Tuesday, February 21, 2012
On The Adventures of Tintin
I really enjoyed this and I'm not sure why it doesn't seem to be as popular as it should. I fear it's because Tintin isn't a typical Hollywood hero in that he doesn't have some kind of psychological crisis he overcomes through his adventure. Capt. Haddock has his addiction arc, but not a whole lot of melodrama is wrung out of that, and Tintin's relation to it is simple disapproval. Tintin doesn't have a "character" that "develops" in the way we're used to seeing, even kids' movies invariably have some lame redemption or parental anxiety story grafted onto them.
This is, I think, why it hearkens back to the first Indiana Jones film as much as in Spielberg's brilliantly designed action set pieces. Raiders of the Lost Ark doesn't have character to speak of: Indiana Jones and Marion are types out of 40s Hollywood (the first a combination of Bogart and Flynn, the second a classic Hawksian woman) and their rudimentary romance merely serves to break up the action sequences. They don't develop, they are entertainment devices that are run through a plot in the manner of classic serials and adventure films.

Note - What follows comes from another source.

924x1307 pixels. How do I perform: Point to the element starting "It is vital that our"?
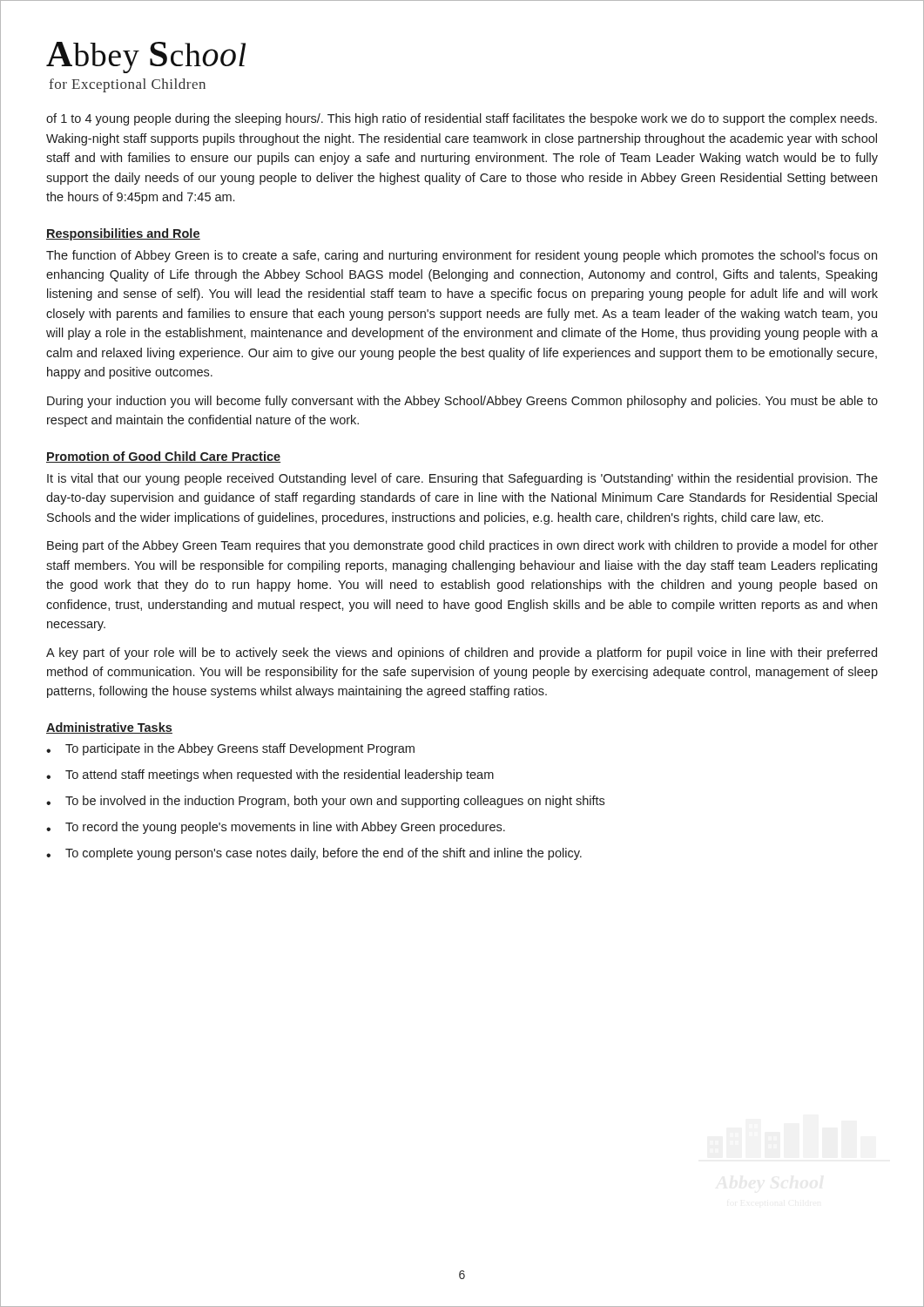pos(462,498)

This, then, is the truly old fashioned Spielberg film of 2011, not the thoroughly modernist War Horse. The two films make an interesting pair, as inevitably happens when Spielberg releases two films in the same year, always opposing versions of himself (Schindler's List and Jurassic Park in 1993, Munich and War of the Worlds in 2005, Minority Report and Catch Me If You Can in 2002, Amistad and The Lost World in 1997, Always and The Last Crusade in 1989). In almost every one of those years, I prefer the Genre Spielberg to the Prestige Spielberg. 2005 is pretty close: both Munich and WotW are very good movies with really awful scenes near the end. War Horse has more greatness in it (the last hour or so), but also more terribleness (the first hour or so). Tintin is consistently good throughout, but it feels like it's missing something.

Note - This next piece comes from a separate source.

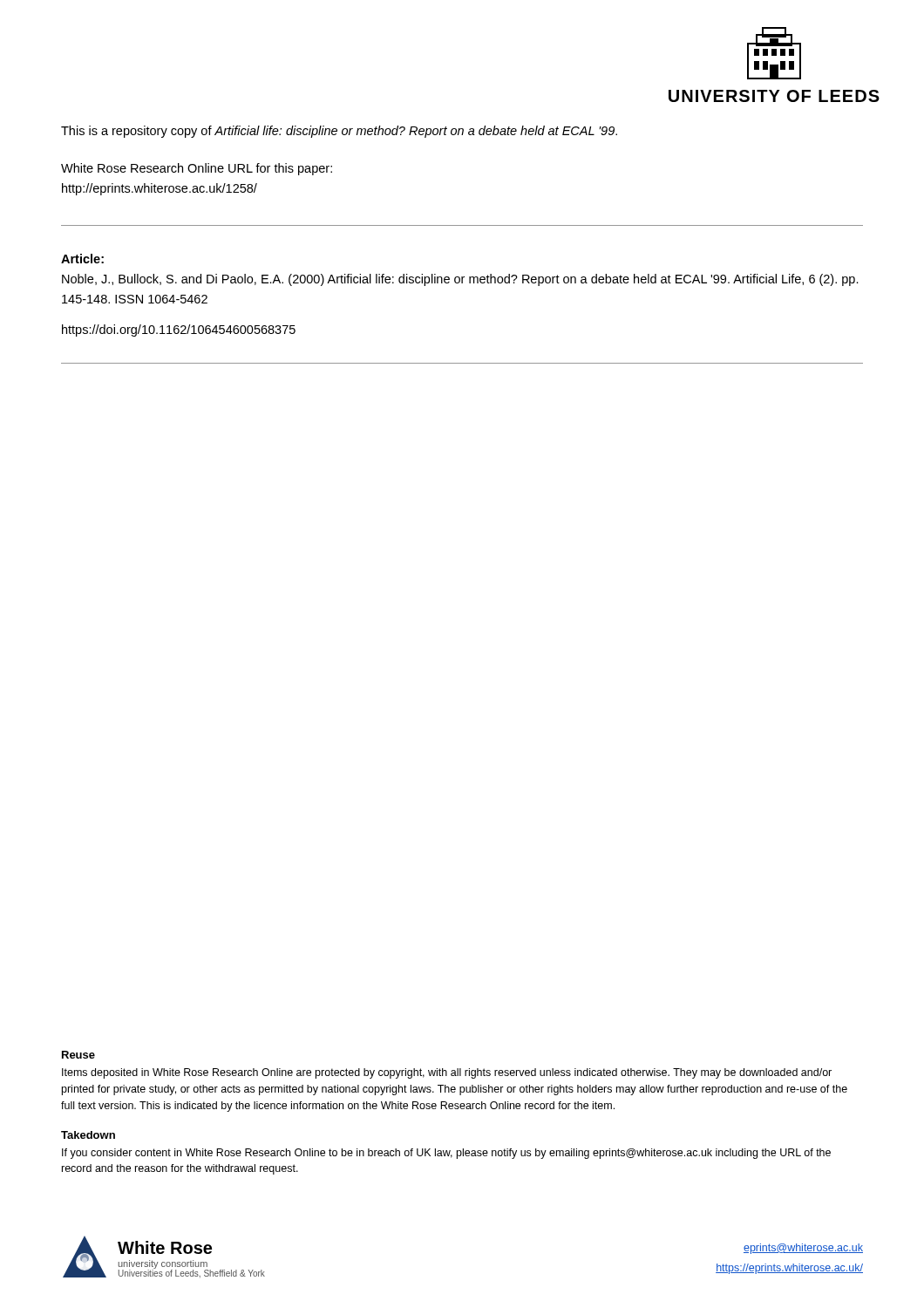
Task: Select the text block starting "eprints@whiterose.ac.uk https://eprints.whiterose.ac.uk/"
Action: point(789,1258)

It's the work of a master, with beautifully conceived and executed action sequences and it is always entertaining. Formally, the film is a wonder, not just in managing to (barely) overcome the inherent uncanny valley issues of its medium. Spielberg creates some of the most clever and beautiful dissolves seen in years, and there's a visual motif of reflective surfaces (mirrors, glass, water, etc) that is unmatched in any animation I've seen. To what end I'm not sure: why is Tintin hounded by so many distortions of reality? Is it merely because it looks really cool? I think so, and that gets to what I think the film is missing. It's a well-told story that is all surface; it lacks the inspiration, the edge, the danger of genius. It's a more accomplished film than something like Gore Verbinski's Pirates of the Carribean films, but I prefer the crazy energy of those films, the willingness to go completely off the rails to risk making a great movie. War Horse comes close to that, Tintin plays it safe.